SOCML 2017

I recently returned from Google Research’s Self Organizing Conference on Machine Learning (SOCML) aka Pre-NIPs 2017. Conceived by the Ian Goodfellow-inventor of Generative Adversarial Networks (GANs)-with the support of Google’s university relations team, as a means of accelerating AI research. You can read the report from the inaugural conference held at OpenAI.

This year, I was a bit apprehensive about attending because last year’s conference did not have much in terms of offering support for Applied Scientists like myself who are chiefly interested in applying cutting-edge research to industry problems. After some thought, I decided to head back to SOCML and lead a few discussions around Machine Learning (ML) for production. And, I have to say, attending was, in fact, the right decision as a lot of very actionable conversations came out of the unconference.

ML in Production

I led the conversation of ML in production environments. The interesting thing about this conversation was the presence of several companies with varying data needs. The conversation saw participants from the cutting edge incubator co-founded by Yoshua Bengio — Element AI to companies like H20 AI, Shopify, LinkedIn, and more. While many of us were interested in applying the latest techniques to industry problems, pulling from best practices, we realized that there is still a lot of work to be done in translating these ideas to practice before we can safely use them in production environments.

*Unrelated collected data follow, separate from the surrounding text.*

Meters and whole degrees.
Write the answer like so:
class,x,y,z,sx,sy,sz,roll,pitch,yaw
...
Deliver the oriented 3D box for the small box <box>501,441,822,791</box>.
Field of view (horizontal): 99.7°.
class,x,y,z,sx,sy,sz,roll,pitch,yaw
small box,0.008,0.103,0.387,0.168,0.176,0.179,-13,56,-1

As a potential first step towards solving the transition of research into practice, participants suggested the following:
- Realize the new algorithm in code.
- Rewrite the algorithm to work on distributed data (if necessary).
- Separate the inference (scoring) from the training.
- Move the trained model to a cloud service like AWS, wrap it in Flask and give it an API endpoint.
The underlying assumption is that if you are able to do all of the above, then you have solved some of the major challenges engaged with using the new algorithm in a production environment.

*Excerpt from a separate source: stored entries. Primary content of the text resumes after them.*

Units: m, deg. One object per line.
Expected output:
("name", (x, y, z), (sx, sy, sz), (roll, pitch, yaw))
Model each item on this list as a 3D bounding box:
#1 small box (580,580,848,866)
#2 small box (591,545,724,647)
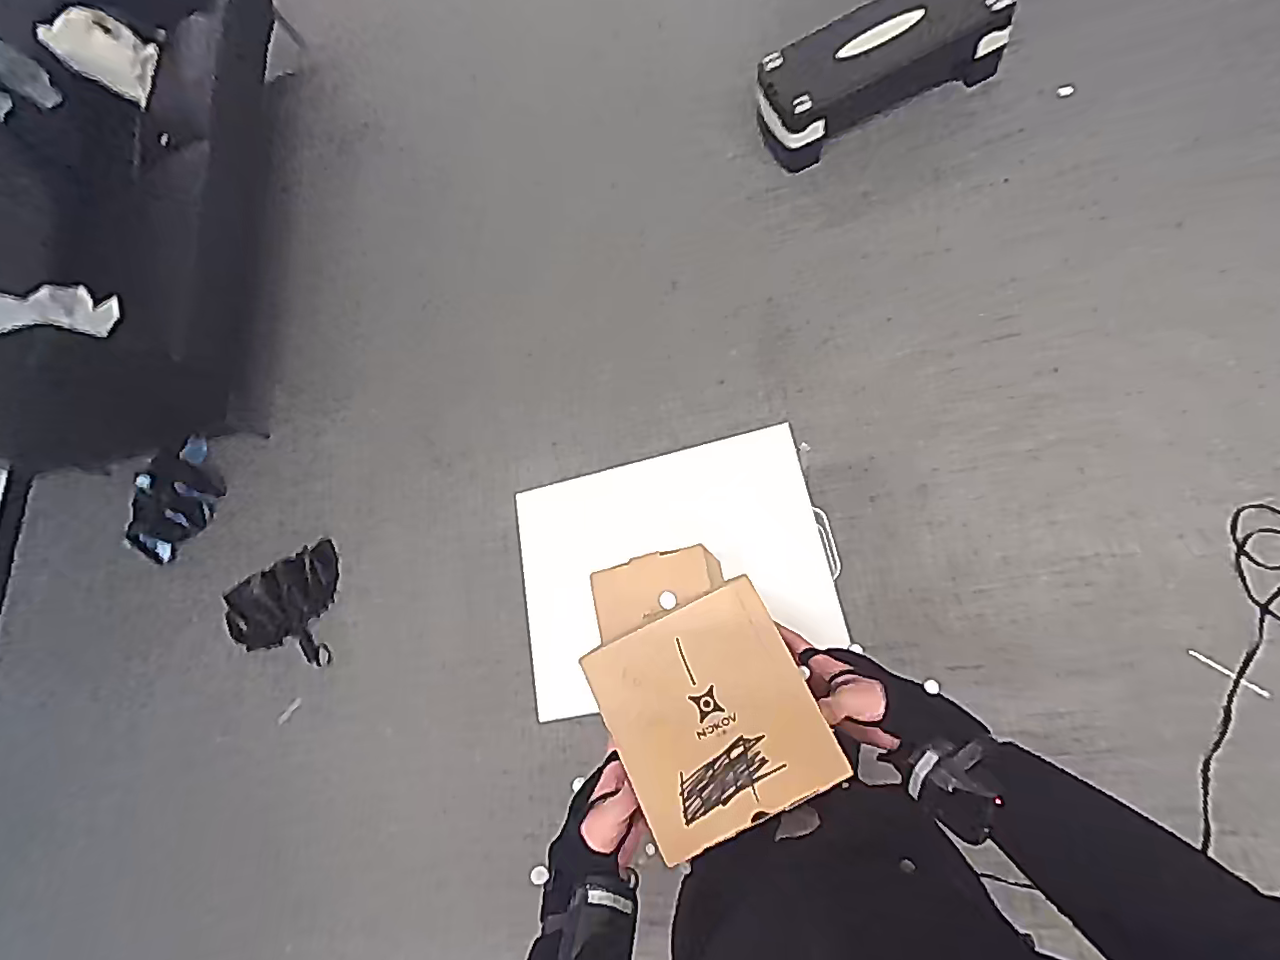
("small box", (0.064, 0.211, 0.523), (0.168, 0.176, 0.179), (-27, 77, -3))
("small box", (0.045, 0.212, 0.784), (0.168, 0.176, 0.179), (-17, 69, 11))

ML for Recommendation Systems

I also led the conversation around recommender systems. This session delved into issues of scalability, evaluation, sparsity, what’s next and which tools are giving good results for recommender systems. Speaking of tools, these two open-source libraries were brought up as interesting tools to consider:
- FAISS Facebook open source tool for efficient similarity search and clustering. You can try out the code on their GitHub repo.
- Photon LinkedIn’s open source ML library — which provides support for large-scale regression, supporting linear, logistic, and Poisson regression with L1, L2, and elastic-net regularization. You can try out the code on their GitHub repo.

Many companies are finding that these two open source tools perform better than Spark alone.

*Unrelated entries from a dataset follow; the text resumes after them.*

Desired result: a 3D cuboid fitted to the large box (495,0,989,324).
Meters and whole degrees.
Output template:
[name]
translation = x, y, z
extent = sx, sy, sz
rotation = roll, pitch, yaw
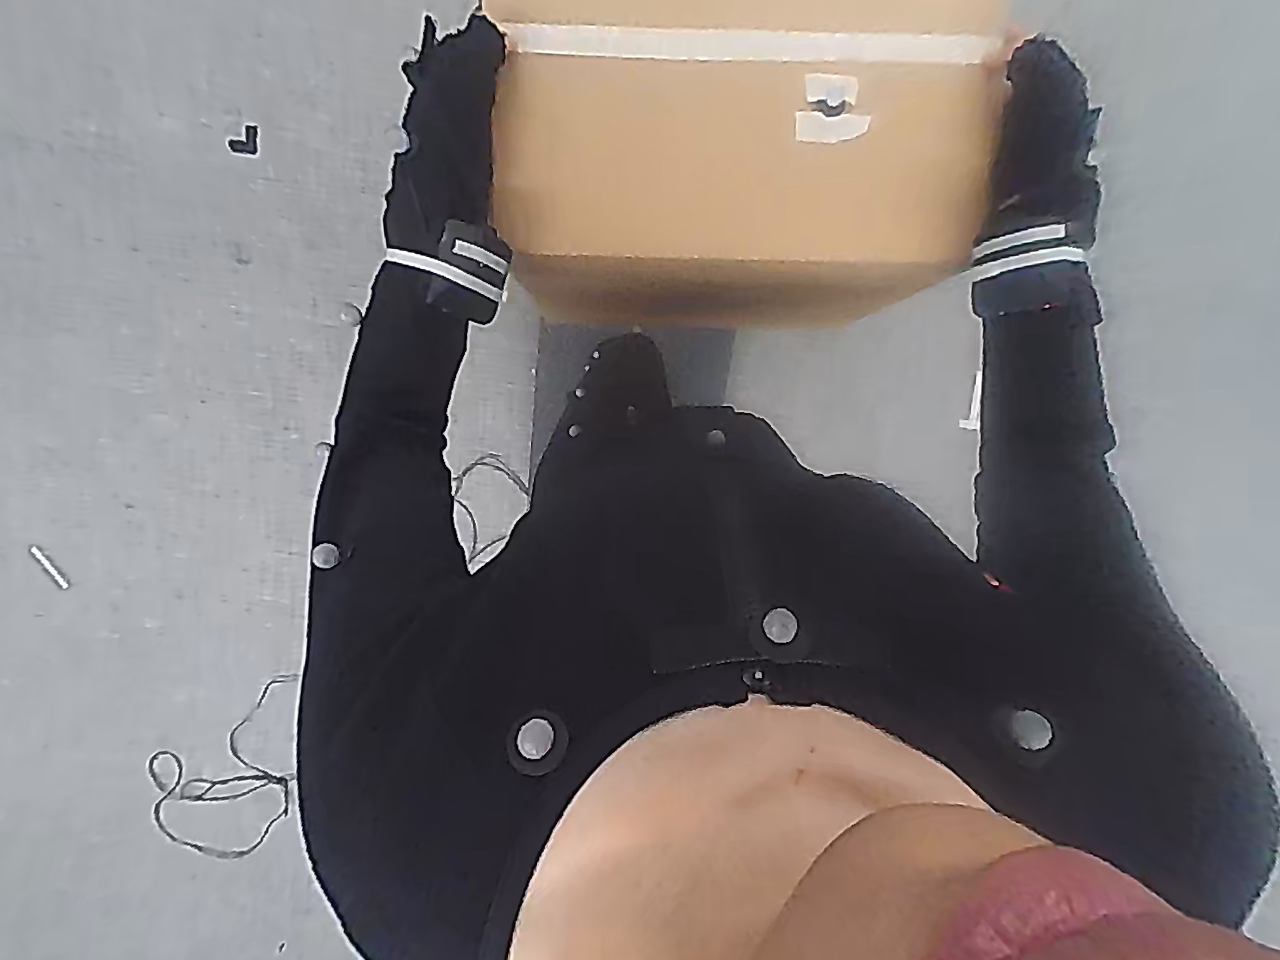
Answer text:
[large box]
translation = 0.077, -0.356, 0.585
extent = 0.408, 0.320, 0.320
rotation = 1, 96, -1

Interest moves from RL to GANs

In terms of where the field seems to be moving, the biggest change from last year to this year was the overwhelming shift of interest from Reinforcement Learning to GANs. For those who are interested in learning about GANs, you can pull the code from the groundbreaking paper by Ian Goodfellow in the repository accompanying the paper.

AI Ethics and Policy

Like last year at OpenAI, his year’s SOCML had a large contingent deeply concerned about AI safety, ethics, and policy. One of the outstanding questions for the community is whether to treat AI as we treat nuclear weapons or as a type of low-scale hacking akin to cyber warfare. For now, the community is divided on this issue. However, something that is consistent is the concern of scientists around the potential use of their inventions to harm society.

In all, I was happy to attend SOCML and look forward to continued collaborations with my colleagues both on the applied and research sides of AI. It is often through these kinds of conversations that we discover what works at scale.